8. The method according to claim 1 wherein the step of identifying a consensus sequence comprises identifying two or more variants of a signature motif for the family of proteins.

9. An siRNA expression library for selective post-transcriptional silencing of genes encoding a family of proteins, wherein members of the library encode siRNA molecules that are of between 15 to 30 nucleotides in length and target at least all mRNA encoding all known members of the family of proteins, and wherein the library comprises up to one million unique members.

10. The library of claim 9, wherein the library comprises up to 100,000 unique members.

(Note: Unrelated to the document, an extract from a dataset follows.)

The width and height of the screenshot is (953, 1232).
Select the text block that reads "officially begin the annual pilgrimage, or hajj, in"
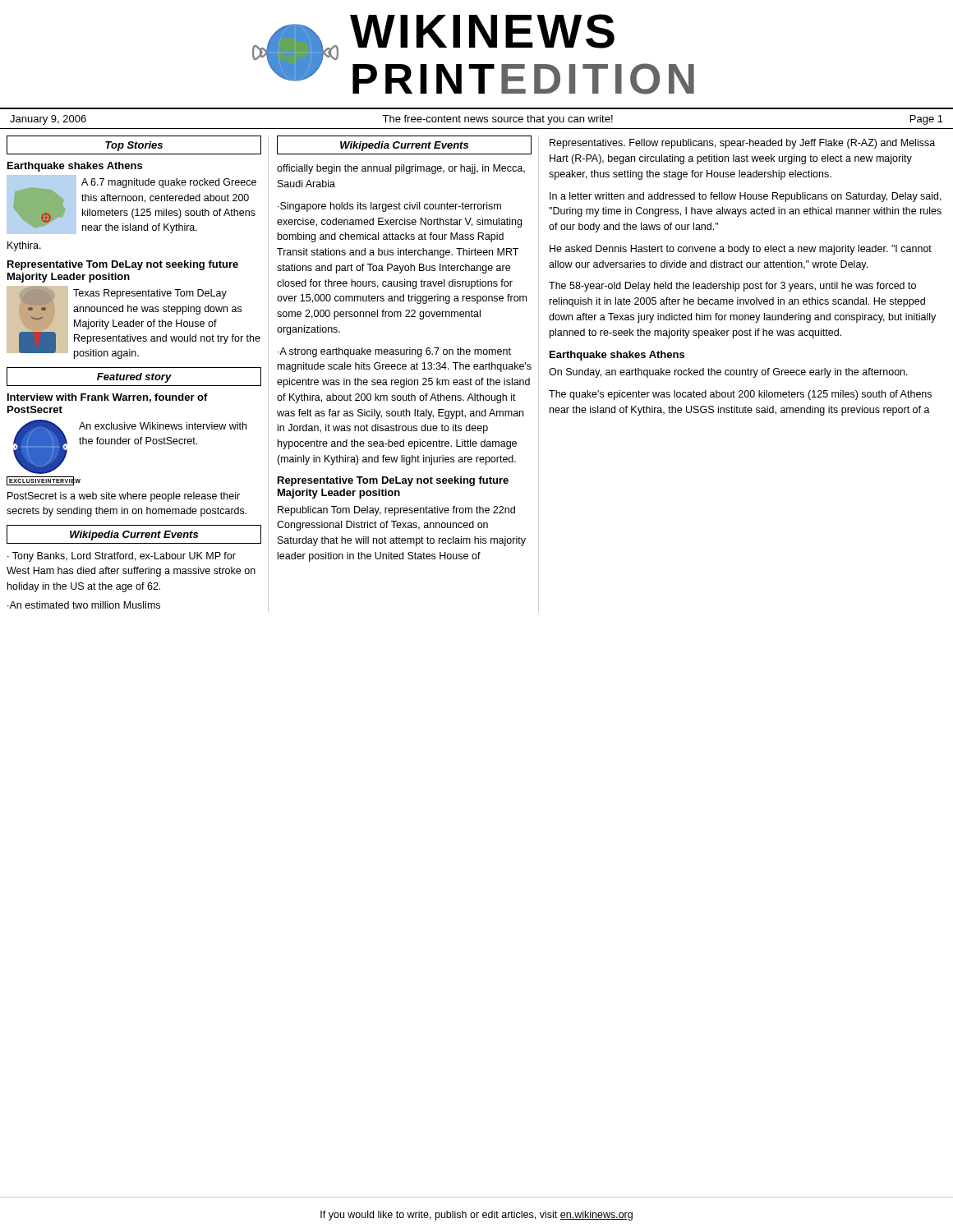(401, 176)

11. The library of claim 9, wherein the family of proteins is selected from the group consisting of: G protein coupled receptors, ion channels, receptor tyrosine kinases, non-receptor tyrosine kinases, nuclear hormone receptors, GTPases, ATPases, serine/threonine kinases, proteases, matrix metalloproteinases (MMPs), GTPase-activating proteins (GAPs) and E3 ubiquitin ligases.

12. The library of claim 9, wherein the siRNA molecules are between 18 to 24 nucleotides in length.